La basilique est à l’origine chrétienne, puis transformée en mosquée et est maintenant un musée. On paye les 2 entrées de 40tl (environ 10€x2) . La encore, c’est immense.
Sortie de sainte Sophie., on se dirige vers le grand bazar, marché mythique. Hugo et Louise dévorent l’épi de maïs qui était la carotte pour marcher le km. Manque de bol, c’est fermé le dimanche. On se rabat sur le marché aux épices et milles échoppes ultra spécialisées (certains ne vendent que des ceintures sur 30m2 ou des déguisements. ..) l’odeur des épices chatouille les narines suivie d’odeur de poisson ou châtaignes grillées.
La pause déjeuner nous a permis de goûter LE kebab réputé d’Istanbul qui il est vrai valait le détour.
Beaucoup de pêcheurs s’agglutinent le long des ponts pour pêcher ce qui ressemble à des sardines.
Retour tôt à l’appartement, les petites jambes en pouvaient plus après les 6km du jour.
Demain
Ça sera le dernier jour à Istanbul. On n’a pas pu voir le quart de ce qu’on voulait. On essayera de faire le musée du palais deTopkapi puis d’aller voir le grand bazar et direction aéroport pour décoller vers la Thaïlande !
Par un temps glacial (-5°) notre chauffeur vient nous cueillir à notre demeure. Une petite boule au ventre s’est installée en fermant la maison. Pas facile de se dire qu’on ne revient que dans 4 mois… Mais le départ, c’est aujourd’hui . Depuis le temps qu’on en parle. .
Le pilote a eu fort à faire pour éviter les bouchons Lyonnais dans cette grisaille automnale (merci encore à Richard ) . Mais nous voici arrivés à l’aéroport avec un peu moins de deux heures avant le décollage. verdict : un sac de 8kg et un sac de 11kg. Sois moins de 20kg de sacs.
il a bien fallu une heure 20 pour arriver devant la porte d’embarquement .. Le vol fut sans histoires et arriva à Istanbul à temps après 2h30 de vol. 1h de douane plus tard et les bagages retrouvés par terre (vu le temps perdu pour le coup de tampon) on saute dans le taxi. Mettre des plots en ciment sur l’autoroute en plein milieu de voie pour travaux ne semble pas poser de problème à personne ici. On arrive donc dans notre chambre vers 19h30 (heure locale…).
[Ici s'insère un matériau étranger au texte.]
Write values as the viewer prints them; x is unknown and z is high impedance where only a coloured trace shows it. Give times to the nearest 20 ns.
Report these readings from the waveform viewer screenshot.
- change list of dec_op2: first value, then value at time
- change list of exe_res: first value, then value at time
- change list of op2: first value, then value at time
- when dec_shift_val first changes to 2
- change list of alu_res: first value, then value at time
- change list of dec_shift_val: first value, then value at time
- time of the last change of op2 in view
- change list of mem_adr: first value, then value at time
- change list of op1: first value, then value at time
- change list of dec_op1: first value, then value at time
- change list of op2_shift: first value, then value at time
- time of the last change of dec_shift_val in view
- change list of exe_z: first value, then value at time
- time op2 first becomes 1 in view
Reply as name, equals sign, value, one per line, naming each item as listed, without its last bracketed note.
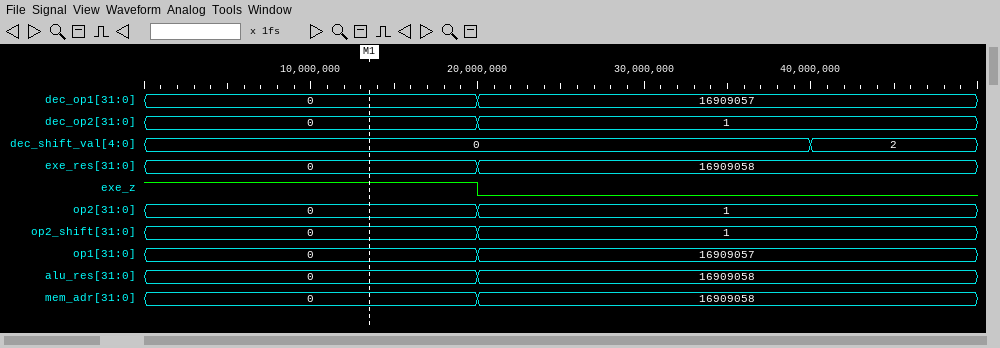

Et la, il est temps de se dégourdir les jambes après une journée resté coincé dans un siège. même à 20h30 beaucoup de magasins sont ouverts bien agencés
Et sans crier gare, on tombe sur la mosquée bleue (on l’a presque pas cherché ) . Majestueux, ultra impressionnant, surtout de nuit.
Vivement qu’on puisse la visiter.
Suite et fin dans un restaurant où l’on a pu commencer à apprécier la cuisine turque. .. ça va être dur de garder la ligne.